● **WORK INSTRUCTIONS**:
Without the pictures, write the listing out again exactly as it appears.

=-=-=-=-=

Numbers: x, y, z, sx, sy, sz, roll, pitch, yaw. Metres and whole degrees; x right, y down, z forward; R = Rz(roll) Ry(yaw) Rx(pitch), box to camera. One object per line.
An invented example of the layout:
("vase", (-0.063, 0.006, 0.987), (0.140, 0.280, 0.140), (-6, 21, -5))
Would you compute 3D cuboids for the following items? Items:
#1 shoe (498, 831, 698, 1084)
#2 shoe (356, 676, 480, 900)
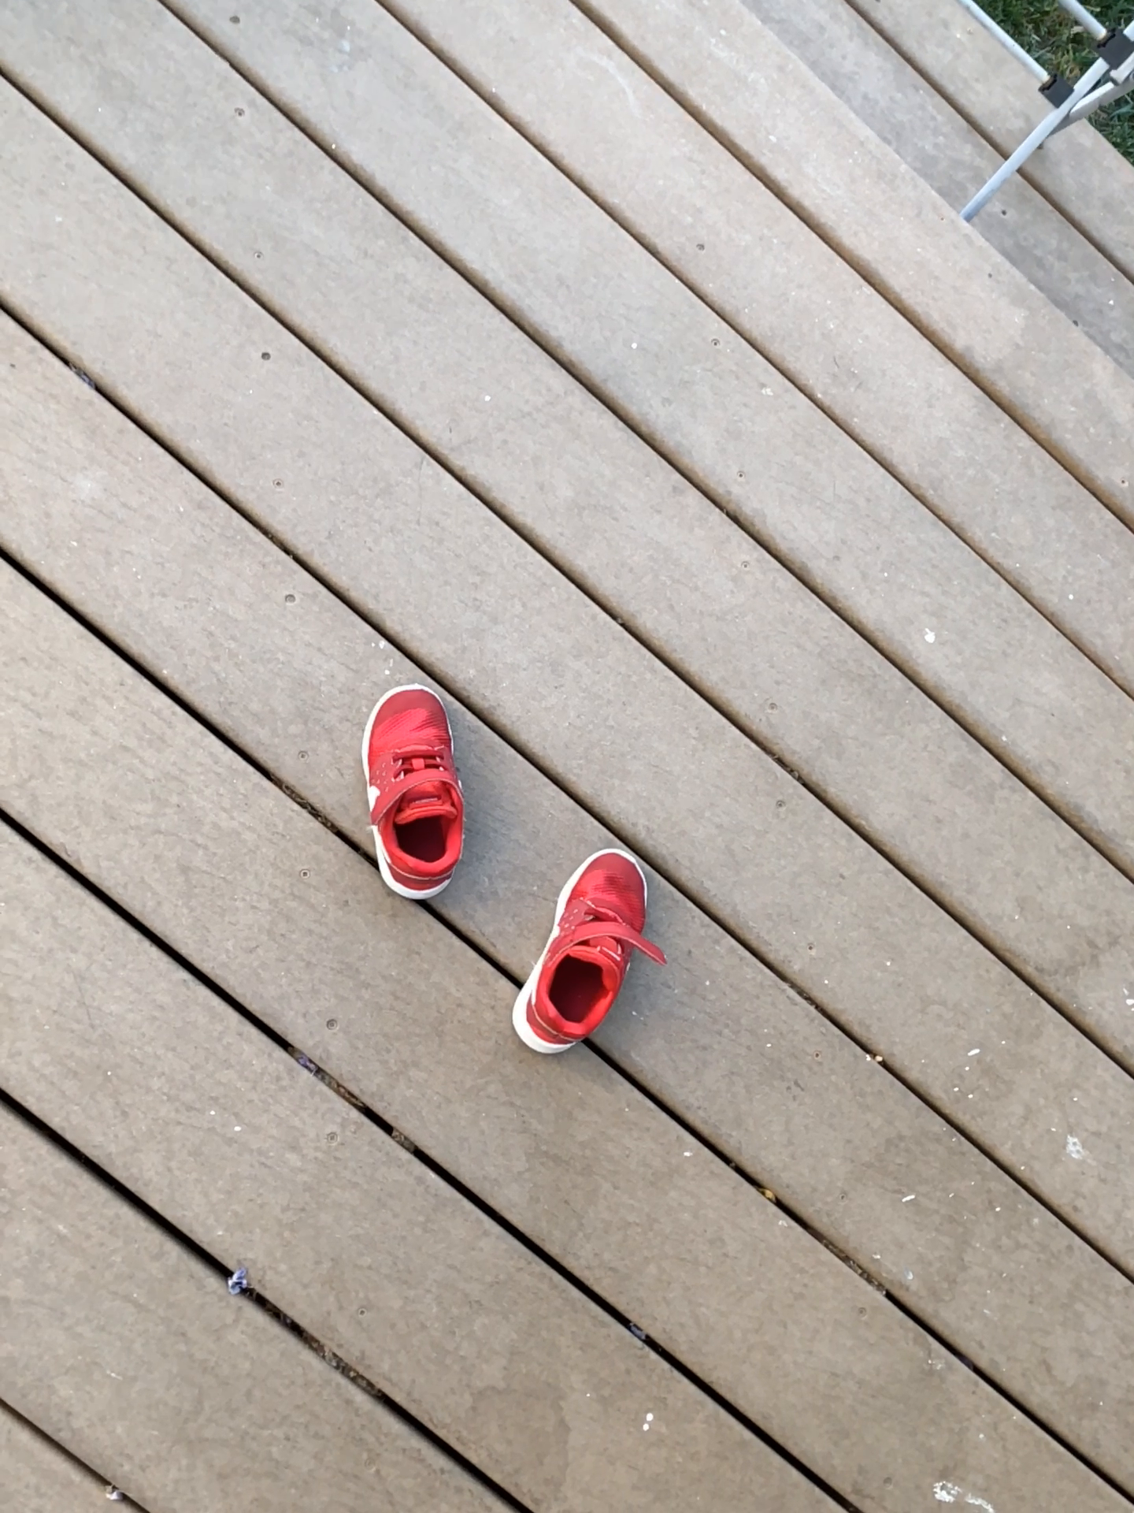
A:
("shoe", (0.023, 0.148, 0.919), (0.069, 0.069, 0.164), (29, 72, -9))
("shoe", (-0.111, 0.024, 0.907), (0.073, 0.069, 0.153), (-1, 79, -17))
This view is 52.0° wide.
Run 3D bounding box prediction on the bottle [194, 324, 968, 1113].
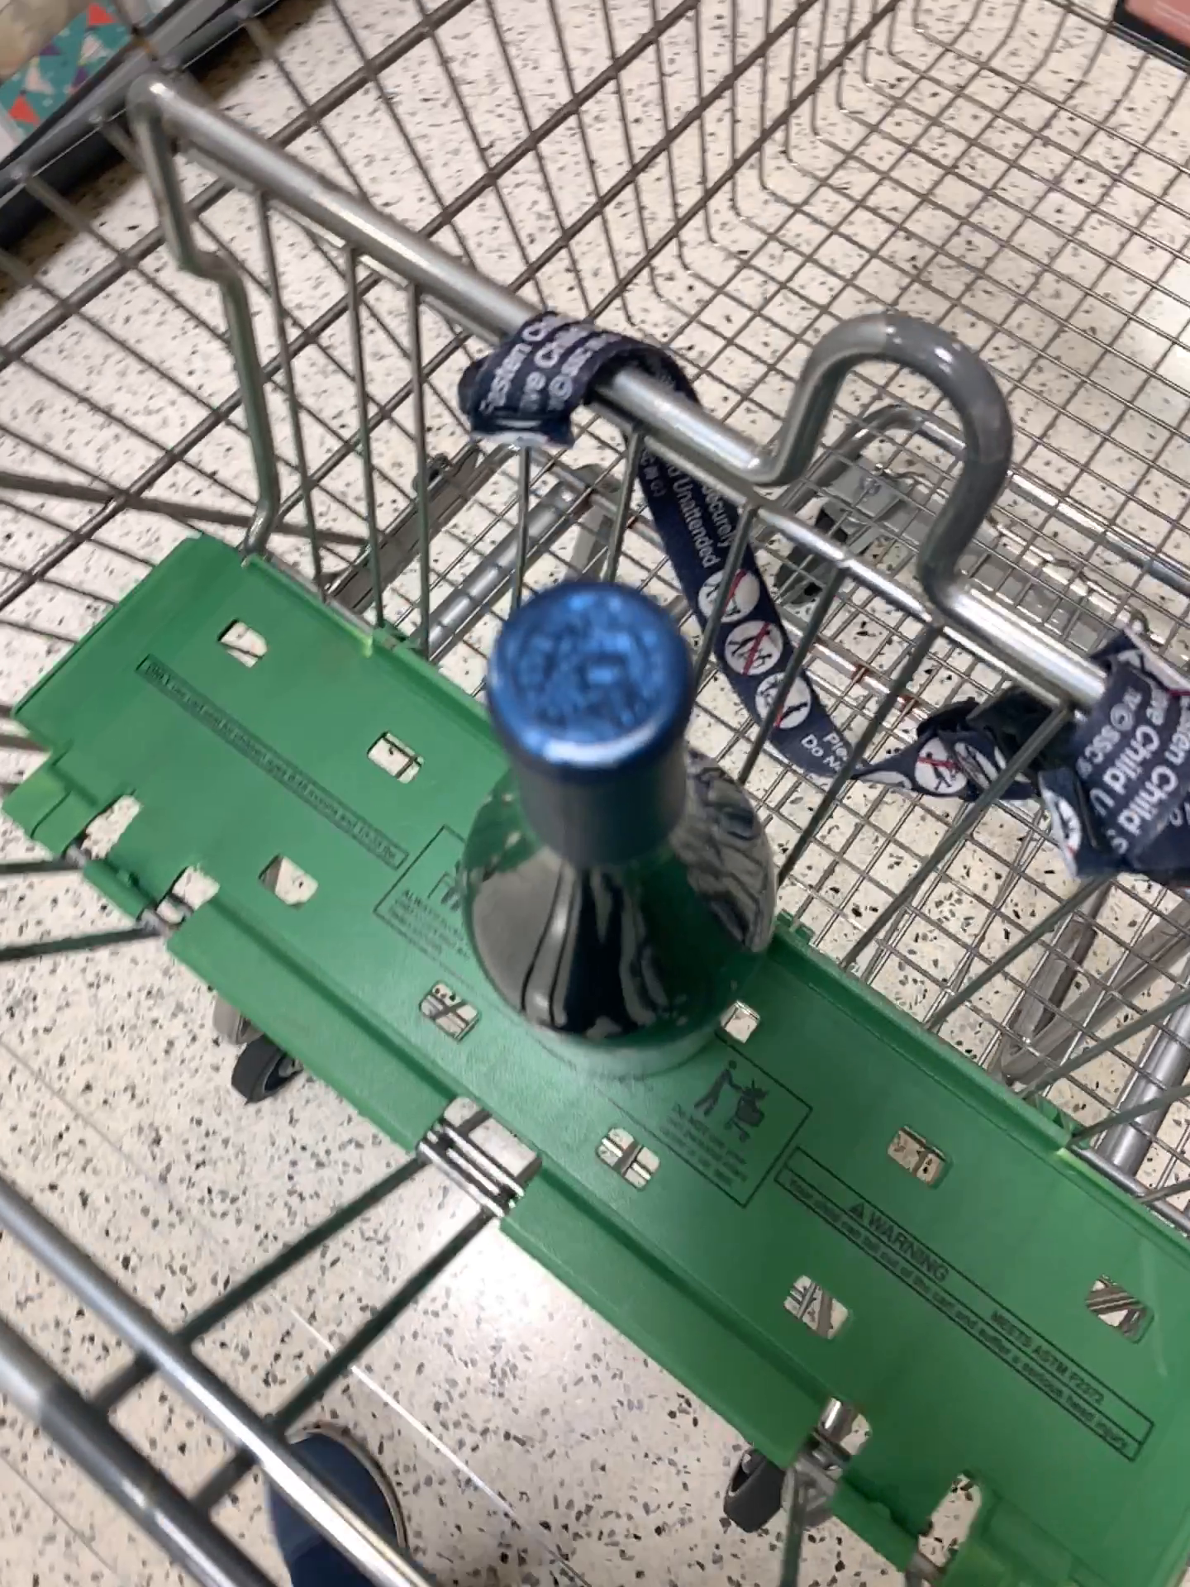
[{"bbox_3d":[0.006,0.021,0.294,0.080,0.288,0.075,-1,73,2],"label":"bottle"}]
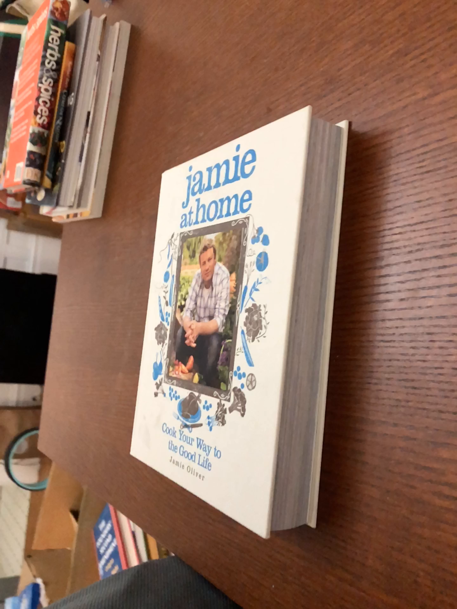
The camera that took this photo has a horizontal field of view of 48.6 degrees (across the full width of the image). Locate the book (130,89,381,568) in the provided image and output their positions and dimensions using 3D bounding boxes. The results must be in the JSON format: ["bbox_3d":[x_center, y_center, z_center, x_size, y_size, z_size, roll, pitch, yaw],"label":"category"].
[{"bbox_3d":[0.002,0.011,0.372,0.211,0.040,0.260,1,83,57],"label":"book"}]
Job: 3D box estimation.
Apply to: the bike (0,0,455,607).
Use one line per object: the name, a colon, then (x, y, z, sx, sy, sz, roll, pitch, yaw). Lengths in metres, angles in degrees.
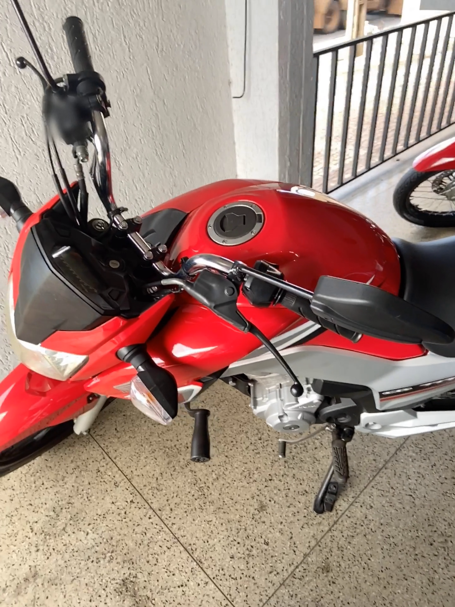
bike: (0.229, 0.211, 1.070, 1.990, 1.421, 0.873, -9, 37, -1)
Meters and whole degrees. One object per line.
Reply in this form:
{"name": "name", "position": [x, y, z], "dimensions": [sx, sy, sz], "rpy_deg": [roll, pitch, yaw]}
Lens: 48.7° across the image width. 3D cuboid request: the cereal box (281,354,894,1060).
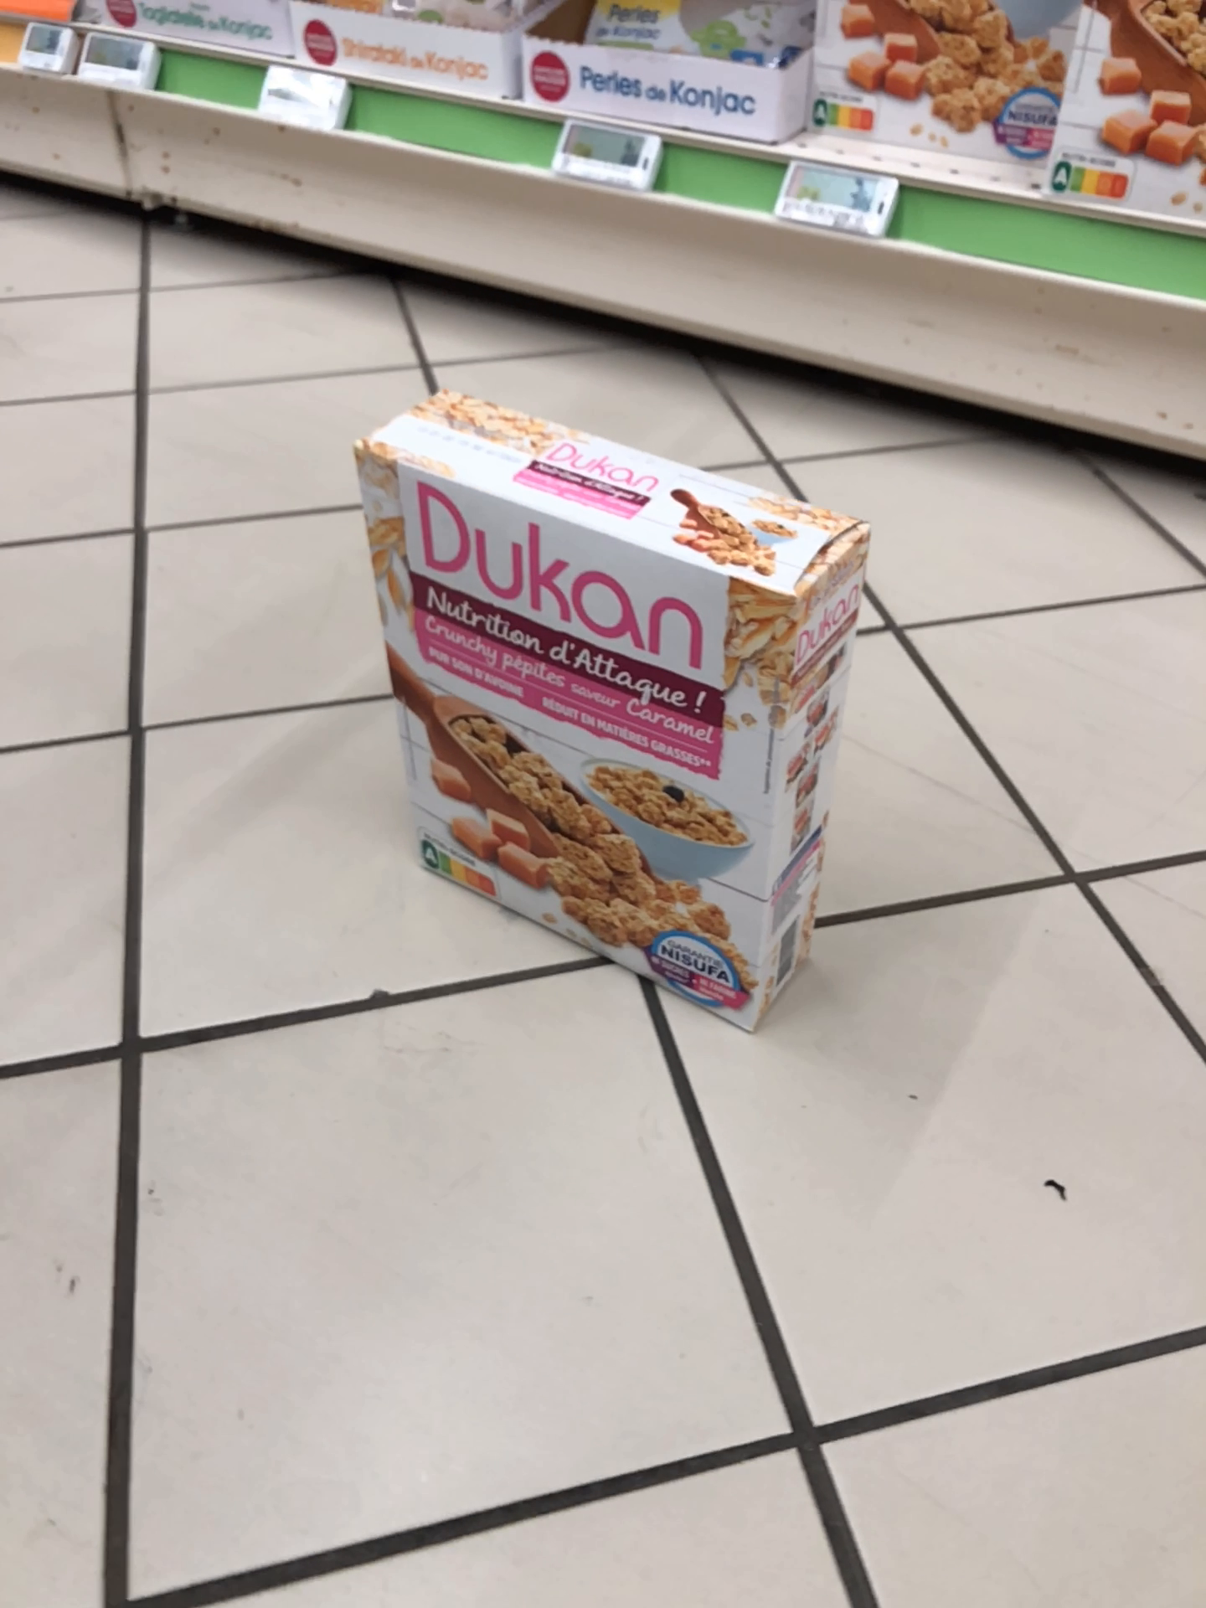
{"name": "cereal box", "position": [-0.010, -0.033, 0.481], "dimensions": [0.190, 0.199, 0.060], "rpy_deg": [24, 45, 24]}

=-=-=-=-=

● **SOLUTION TO THIS EXERCISE**:
Numbers: x, y, z, sx, sy, sz, roll, pitch, yaw. Metres and whole degrees; x right, y down, z forward; R = Rz(roll) Ry(yaw) Rx(pitch), box to camera. One object per line.
An invented example of the layout:
("vase", (-0.063, 0.006, 0.987), (0.140, 0.280, 0.140), (-6, 21, -5))
Would you compute 3D cuboids for the following items? Items:
#1 shoe (498, 831, 698, 1084)
#2 shoe (356, 676, 480, 900)
A:
("shoe", (0.023, 0.148, 0.919), (0.069, 0.069, 0.164), (29, 72, -9))
("shoe", (-0.111, 0.024, 0.907), (0.073, 0.069, 0.153), (-1, 79, -17))
This view is 52.0° wide.
Run 3D bounding box prediction on the bottle [194, 324, 968, 1113].
[{"bbox_3d":[0.006,0.021,0.294,0.080,0.288,0.075,-1,73,2],"label":"bottle"}]
The camera that took this photo has a horizontal field of view of 48.6 degrees (across the full width of the image). Locate the book (130,89,381,568) in the provided image and output their positions and dimensions using 3D bounding boxes. The results must be in the JSON format: ["bbox_3d":[x_center, y_center, z_center, x_size, y_size, z_size, roll, pitch, yaw],"label":"category"].
[{"bbox_3d":[0.002,0.011,0.372,0.211,0.040,0.260,1,83,57],"label":"book"}]
Job: 3D box estimation.
Apply to: the bike (0,0,455,607).
Use one line per object: the name, a colon, then (x, y, z, sx, sy, sz, roll, pitch, yaw). Lengths in metres, angles in degrees.
bike: (0.229, 0.211, 1.070, 1.990, 1.421, 0.873, -9, 37, -1)
Meters and whole degrees. One object per line.
Reply in this form:
{"name": "name", "position": [x, y, z], "dimensions": [sx, sy, sz], "rpy_deg": [roll, pitch, yaw]}
Lens: 48.7° across the image width. 3D cuboid request: the cereal box (281,354,894,1060).
{"name": "cereal box", "position": [-0.010, -0.033, 0.481], "dimensions": [0.190, 0.199, 0.060], "rpy_deg": [24, 45, 24]}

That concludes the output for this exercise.